What to do: Give a faithful, exact copy of all entries, minus the images.

Records for the task:

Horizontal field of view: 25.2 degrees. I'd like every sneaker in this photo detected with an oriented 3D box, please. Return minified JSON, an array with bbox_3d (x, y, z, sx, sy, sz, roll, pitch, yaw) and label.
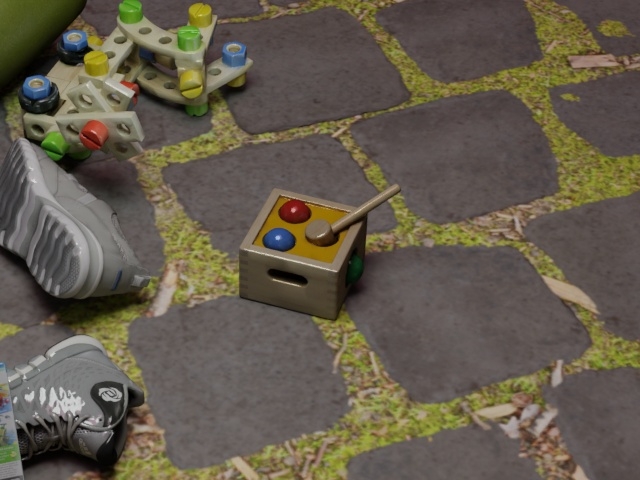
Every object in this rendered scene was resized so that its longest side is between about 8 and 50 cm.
[{"bbox_3d":[-0.281,-0.014,1.575,0.115,0.105,0.281,14,25,-39],"label":"sneaker"},{"bbox_3d":[-0.259,0.178,1.335,0.132,0.086,0.228,34,48,28],"label":"sneaker"}]

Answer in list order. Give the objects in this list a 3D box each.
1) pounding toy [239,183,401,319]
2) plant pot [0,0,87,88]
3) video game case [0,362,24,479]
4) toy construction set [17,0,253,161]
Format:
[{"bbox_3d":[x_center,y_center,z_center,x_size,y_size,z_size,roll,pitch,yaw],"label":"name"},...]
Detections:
[{"bbox_3d":[0.000,0.000,1.543,0.141,0.100,0.130,13,42,13],"label":"pounding toy"},{"bbox_3d":[-0.470,-0.258,1.733,0.274,0.275,0.293,16,58,16],"label":"plant pot"},{"bbox_3d":[-0.328,0.201,1.276,0.119,0.015,0.166,-9,82,-13],"label":"video game case"},{"bbox_3d":[-0.234,-0.178,1.720,0.215,0.151,0.328,14,31,13],"label":"toy construction set"}]
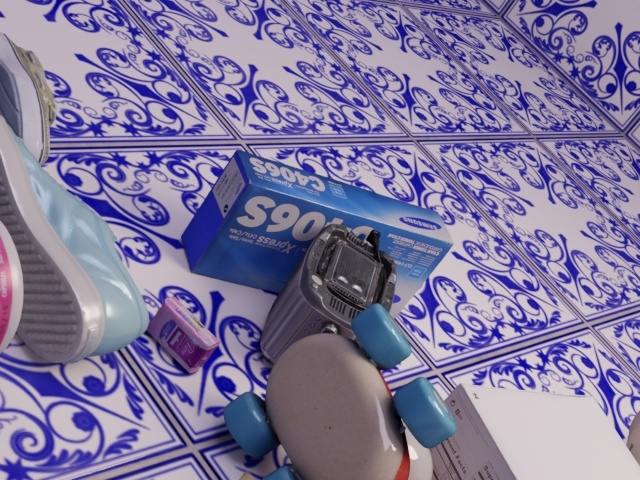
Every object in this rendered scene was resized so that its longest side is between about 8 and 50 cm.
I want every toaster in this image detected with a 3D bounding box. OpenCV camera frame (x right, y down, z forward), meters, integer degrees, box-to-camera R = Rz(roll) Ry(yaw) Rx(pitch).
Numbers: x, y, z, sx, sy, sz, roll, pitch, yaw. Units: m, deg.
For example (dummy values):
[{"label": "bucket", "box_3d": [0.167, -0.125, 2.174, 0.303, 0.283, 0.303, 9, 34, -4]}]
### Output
[{"label": "toaster", "box_3d": [0.009, 0.084, 1.484, 0.129, 0.146, 0.227, 32, 32, -9]}]

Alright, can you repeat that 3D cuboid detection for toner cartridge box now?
[{"label": "toner cartridge box", "box_3d": [0.000, 0.000, 1.585, 0.348, 0.165, 0.075, 15, 36, -33]}]

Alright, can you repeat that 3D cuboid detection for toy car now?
[{"label": "toy car", "box_3d": [0.052, 0.233, 1.318, 0.238, 0.219, 0.210, 47, 10, -52]}]

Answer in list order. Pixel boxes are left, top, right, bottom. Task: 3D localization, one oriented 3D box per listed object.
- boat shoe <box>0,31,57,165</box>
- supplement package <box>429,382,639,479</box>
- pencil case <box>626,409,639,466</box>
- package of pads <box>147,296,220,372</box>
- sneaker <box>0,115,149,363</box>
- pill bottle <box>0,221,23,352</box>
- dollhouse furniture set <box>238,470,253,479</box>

Solved exercise:
Horizontal field of view: 25.2 degrees. I'd like every sneaker in this photo detected with an oriented 3D box, please. Return minified JSON, an array with bbox_3d (x, y, z, sx, sy, sz, roll, pitch, yaw) and label.
Every object in this rendered scene was resized so that its longest side is between about 8 and 50 cm.
[{"bbox_3d":[-0.281,-0.014,1.575,0.115,0.105,0.281,14,25,-39],"label":"sneaker"},{"bbox_3d":[-0.259,0.178,1.335,0.132,0.086,0.228,34,48,28],"label":"sneaker"}]

Answer in list order. Give the objects in this list a 3D box each.
1) pounding toy [239,183,401,319]
2) plant pot [0,0,87,88]
3) video game case [0,362,24,479]
4) toy construction set [17,0,253,161]
Format:
[{"bbox_3d":[x_center,y_center,z_center,x_size,y_size,z_size,roll,pitch,yaw],"label":"name"},...]
Detections:
[{"bbox_3d":[0.000,0.000,1.543,0.141,0.100,0.130,13,42,13],"label":"pounding toy"},{"bbox_3d":[-0.470,-0.258,1.733,0.274,0.275,0.293,16,58,16],"label":"plant pot"},{"bbox_3d":[-0.328,0.201,1.276,0.119,0.015,0.166,-9,82,-13],"label":"video game case"},{"bbox_3d":[-0.234,-0.178,1.720,0.215,0.151,0.328,14,31,13],"label":"toy construction set"}]
Every object in this rendered scene was resized so that its longest side is between about 8 and 50 cm.
I want every toaster in this image detected with a 3D bounding box. OpenCV camera frame (x right, y down, z forward), meters, integer degrees, box-to-camera R = Rz(roll) Ry(yaw) Rx(pitch).
Numbers: x, y, z, sx, sy, sz, roll, pitch, yaw. Units: m, deg.
For example (dummy values):
[{"label": "bucket", "box_3d": [0.167, -0.125, 2.174, 0.303, 0.283, 0.303, 9, 34, -4]}]
### Output
[{"label": "toaster", "box_3d": [0.009, 0.084, 1.484, 0.129, 0.146, 0.227, 32, 32, -9]}]

Alright, can you repeat that 3D cuboid detection for toner cartridge box now?
[{"label": "toner cartridge box", "box_3d": [0.000, 0.000, 1.585, 0.348, 0.165, 0.075, 15, 36, -33]}]

Alright, can you repeat that 3D cuboid detection for toy car now?
[{"label": "toy car", "box_3d": [0.052, 0.233, 1.318, 0.238, 0.219, 0.210, 47, 10, -52]}]

Answer in list order. Pixel boxes are left, top, right, bottom. Task: 3D localization, one oriented 3D box per listed object.
- boat shoe <box>0,31,57,165</box>
- supplement package <box>429,382,639,479</box>
- pencil case <box>626,409,639,466</box>
- package of pads <box>147,296,220,372</box>
- sneaker <box>0,115,149,363</box>
- pill bottle <box>0,221,23,352</box>
- dollhouse furniture set <box>238,470,253,479</box>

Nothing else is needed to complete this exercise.